The extrusion was quite uniform although variations in its size could be seen in the form of bumps. The plastic melted evenly as can be seen by the even brown colour which is a good sign.

First Print

I decided to attempt to print something with the recycled plastic. Here is the model used:

Results

The attempt to print an object went less well than the first extrusion. The flow was less even but was printable for a time until it eventually jammed.

Conclusion

There are things which I think are happening to cause the jam:

The main factor being that I ran out of fine granulated/ powered plastic which I had used for the first extrusions and was now transitioning to the coarser plastic in my supply.

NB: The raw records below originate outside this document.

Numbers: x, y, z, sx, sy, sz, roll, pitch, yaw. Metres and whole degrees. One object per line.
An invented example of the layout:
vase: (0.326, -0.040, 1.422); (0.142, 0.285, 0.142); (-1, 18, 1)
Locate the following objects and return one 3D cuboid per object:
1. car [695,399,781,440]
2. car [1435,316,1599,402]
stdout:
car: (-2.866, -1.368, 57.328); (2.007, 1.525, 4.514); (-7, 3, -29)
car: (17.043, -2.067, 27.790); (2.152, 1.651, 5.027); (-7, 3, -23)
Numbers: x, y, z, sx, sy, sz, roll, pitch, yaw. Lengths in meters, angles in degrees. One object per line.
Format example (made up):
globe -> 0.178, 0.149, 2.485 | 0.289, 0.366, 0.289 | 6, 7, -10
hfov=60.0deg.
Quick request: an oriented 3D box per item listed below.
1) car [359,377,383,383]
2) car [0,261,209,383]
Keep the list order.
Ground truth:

The secondary factor being that the screw is approximately 25mm shorter than the chamber it sits in. This is part of the design and allows the plastic to melt together thoroughly before passing through the nozzle and it also allows a buffer between the screw and the nozzle which means the screw pressurises this molten plastic which then extrudes through the nozzle when pressure exceeds the surface tension of the plastic over the nozzle opening. This reduces the needed torque to turn the screw as it is no longer in a sort of “1 to 1 ratio” with the extrusion rate. Effectively giving more granular control over extrusion rate. That’s what my puny brain thinks anyway but I’m no engineer.

The plug of (formerly molten) plastic after removal from the melting tube.

The screw after the extruder jammed

Next Steps

  • Find a way to make finer recycled plastic particles and test again to make sure the fine ground plastic really was the reason for successful printing.

  • Try lowering the tolerances to allow working with larger plastic particles. This could be done with a larger diameter melting tube or more easily with a smaller diameter screw or drill bit or by using the same diameter as before but with a drill bit with deeper flutes cut into it, allowing larger particles of plastic to feed in.

  • Try adjusting the distance between the end of the screw and the beginning of the nozzle to see how it effects operation.